======== Task inputs

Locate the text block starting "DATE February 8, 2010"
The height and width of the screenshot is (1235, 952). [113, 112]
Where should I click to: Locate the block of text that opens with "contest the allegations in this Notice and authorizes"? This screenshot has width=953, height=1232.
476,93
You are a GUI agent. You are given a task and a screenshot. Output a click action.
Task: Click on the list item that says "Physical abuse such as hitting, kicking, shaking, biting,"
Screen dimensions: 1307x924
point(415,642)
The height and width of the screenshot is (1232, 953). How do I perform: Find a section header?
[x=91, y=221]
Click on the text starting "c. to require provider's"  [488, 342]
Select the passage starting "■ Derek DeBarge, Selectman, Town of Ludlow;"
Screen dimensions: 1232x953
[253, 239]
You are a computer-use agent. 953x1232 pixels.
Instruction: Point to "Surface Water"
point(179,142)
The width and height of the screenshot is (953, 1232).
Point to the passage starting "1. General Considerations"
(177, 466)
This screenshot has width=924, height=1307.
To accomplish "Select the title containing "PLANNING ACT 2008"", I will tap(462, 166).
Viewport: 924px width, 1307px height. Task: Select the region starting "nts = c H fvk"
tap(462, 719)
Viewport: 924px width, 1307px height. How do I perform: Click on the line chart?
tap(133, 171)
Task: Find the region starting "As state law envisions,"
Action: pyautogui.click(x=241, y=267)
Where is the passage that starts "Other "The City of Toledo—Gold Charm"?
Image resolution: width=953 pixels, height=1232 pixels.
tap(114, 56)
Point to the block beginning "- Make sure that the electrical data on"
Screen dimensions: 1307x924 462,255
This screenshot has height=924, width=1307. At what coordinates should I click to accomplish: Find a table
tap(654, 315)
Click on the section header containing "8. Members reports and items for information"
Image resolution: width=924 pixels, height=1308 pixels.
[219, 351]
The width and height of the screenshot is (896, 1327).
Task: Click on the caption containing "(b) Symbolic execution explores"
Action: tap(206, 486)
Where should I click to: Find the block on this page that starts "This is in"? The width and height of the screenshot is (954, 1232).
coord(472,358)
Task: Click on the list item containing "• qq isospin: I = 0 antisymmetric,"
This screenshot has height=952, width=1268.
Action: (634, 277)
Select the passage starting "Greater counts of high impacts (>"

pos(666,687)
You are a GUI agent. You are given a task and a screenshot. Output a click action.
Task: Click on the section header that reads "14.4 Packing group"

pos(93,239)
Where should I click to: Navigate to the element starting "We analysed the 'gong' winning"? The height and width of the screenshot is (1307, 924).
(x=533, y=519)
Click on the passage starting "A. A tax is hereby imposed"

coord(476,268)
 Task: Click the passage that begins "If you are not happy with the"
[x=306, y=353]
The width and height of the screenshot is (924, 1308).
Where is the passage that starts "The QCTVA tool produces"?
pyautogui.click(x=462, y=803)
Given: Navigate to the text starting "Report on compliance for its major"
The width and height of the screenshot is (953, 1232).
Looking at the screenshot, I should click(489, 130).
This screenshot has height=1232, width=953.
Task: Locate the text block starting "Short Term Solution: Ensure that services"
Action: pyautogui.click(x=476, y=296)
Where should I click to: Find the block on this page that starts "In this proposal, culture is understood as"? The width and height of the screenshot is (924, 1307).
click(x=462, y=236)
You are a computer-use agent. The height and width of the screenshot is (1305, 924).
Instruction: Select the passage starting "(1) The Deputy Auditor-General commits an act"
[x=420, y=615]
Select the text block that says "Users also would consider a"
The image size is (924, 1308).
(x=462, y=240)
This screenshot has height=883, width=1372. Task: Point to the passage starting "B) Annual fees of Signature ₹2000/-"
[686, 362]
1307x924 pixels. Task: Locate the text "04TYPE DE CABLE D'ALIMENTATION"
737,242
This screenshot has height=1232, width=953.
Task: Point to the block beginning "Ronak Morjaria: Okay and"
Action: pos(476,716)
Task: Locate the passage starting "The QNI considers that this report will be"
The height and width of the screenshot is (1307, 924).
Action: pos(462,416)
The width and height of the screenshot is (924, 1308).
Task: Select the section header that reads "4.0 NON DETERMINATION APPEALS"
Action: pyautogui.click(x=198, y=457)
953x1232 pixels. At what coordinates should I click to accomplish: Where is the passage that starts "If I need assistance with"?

================

Aim of the task
Retype the records, line for line.

Answer to this task
Locate the text block starting "DATE February 8, 2010"
The height and width of the screenshot is (1235, 952). [113, 112]
Where should I click to: Locate the block of text that opens with "contest the allegations in this Notice and authorizes"? This screenshot has width=953, height=1232.
476,93
You are a GUI agent. You are given a task and a screenshot. Output a click action.
Task: Click on the list item that says "Physical abuse such as hitting, kicking, shaking, biting,"
Screen dimensions: 1307x924
point(415,642)
The height and width of the screenshot is (1232, 953). How do I perform: Find a section header?
[x=91, y=221]
Click on the text starting "c. to require provider's"  [488, 342]
Select the passage starting "■ Derek DeBarge, Selectman, Town of Ludlow;"
Screen dimensions: 1232x953
[253, 239]
You are a computer-use agent. 953x1232 pixels.
Instruction: Point to "Surface Water"
point(179,142)
The width and height of the screenshot is (953, 1232).
Point to the passage starting "1. General Considerations"
(177, 466)
This screenshot has width=924, height=1307.
To accomplish "Select the title containing "PLANNING ACT 2008"", I will tap(462, 166).
Viewport: 924px width, 1307px height. Task: Select the region starting "nts = c H fvk"
tap(462, 719)
Viewport: 924px width, 1307px height. How do I perform: Click on the line chart?
tap(133, 171)
Task: Find the region starting "As state law envisions,"
Action: pyautogui.click(x=241, y=267)
Where is the passage that starts "Other "The City of Toledo—Gold Charm"?
Image resolution: width=953 pixels, height=1232 pixels.
tap(114, 56)
Point to the block beginning "- Make sure that the electrical data on"
Screen dimensions: 1307x924 462,255
This screenshot has height=924, width=1307. At what coordinates should I click to accomplish: Find a table
tap(654, 315)
Click on the section header containing "8. Members reports and items for information"
Image resolution: width=924 pixels, height=1308 pixels.
[219, 351]
The width and height of the screenshot is (896, 1327).
Task: Click on the caption containing "(b) Symbolic execution explores"
Action: tap(206, 486)
Where should I click to: Find the block on this page that starts "This is in"? The width and height of the screenshot is (954, 1232).
coord(472,358)
Task: Click on the list item containing "• qq isospin: I = 0 antisymmetric,"
This screenshot has height=952, width=1268.
Action: (634, 277)
Select the passage starting "Greater counts of high impacts (>"

pos(666,687)
You are a GUI agent. You are given a task and a screenshot. Output a click action.
Task: Click on the section header that reads "14.4 Packing group"

pos(93,239)
Where should I click to: Navigate to the element starting "We analysed the 'gong' winning"? The height and width of the screenshot is (1307, 924).
(x=533, y=519)
Click on the passage starting "A. A tax is hereby imposed"

coord(476,268)
 Task: Click the passage that begins "If you are not happy with the"
[x=306, y=353]
The width and height of the screenshot is (924, 1308).
Where is the passage that starts "The QCTVA tool produces"?
pyautogui.click(x=462, y=803)
Given: Navigate to the text starting "Report on compliance for its major"
The width and height of the screenshot is (953, 1232).
Looking at the screenshot, I should click(489, 130).
This screenshot has height=1232, width=953.
Task: Locate the text block starting "Short Term Solution: Ensure that services"
Action: pyautogui.click(x=476, y=296)
Where should I click to: Find the block on this page that starts "In this proposal, culture is understood as"? The width and height of the screenshot is (924, 1307).
click(x=462, y=236)
You are a computer-use agent. The height and width of the screenshot is (1305, 924).
Instruction: Select the passage starting "(1) The Deputy Auditor-General commits an act"
[x=420, y=615]
Select the text block that says "Users also would consider a"
The image size is (924, 1308).
(x=462, y=240)
This screenshot has height=883, width=1372. Task: Point to the passage starting "B) Annual fees of Signature ₹2000/-"
[686, 362]
1307x924 pixels. Task: Locate the text "04TYPE DE CABLE D'ALIMENTATION"
737,242
This screenshot has height=1232, width=953.
Task: Point to the block beginning "Ronak Morjaria: Okay and"
Action: pos(476,716)
Task: Locate the passage starting "The QNI considers that this report will be"
The height and width of the screenshot is (1307, 924).
Action: pos(462,416)
The width and height of the screenshot is (924, 1308).
Task: Select the section header that reads "4.0 NON DETERMINATION APPEALS"
Action: pyautogui.click(x=198, y=457)
953x1232 pixels. At what coordinates should I click to accomplish: Where is the passage that starts "If I need assistance with"?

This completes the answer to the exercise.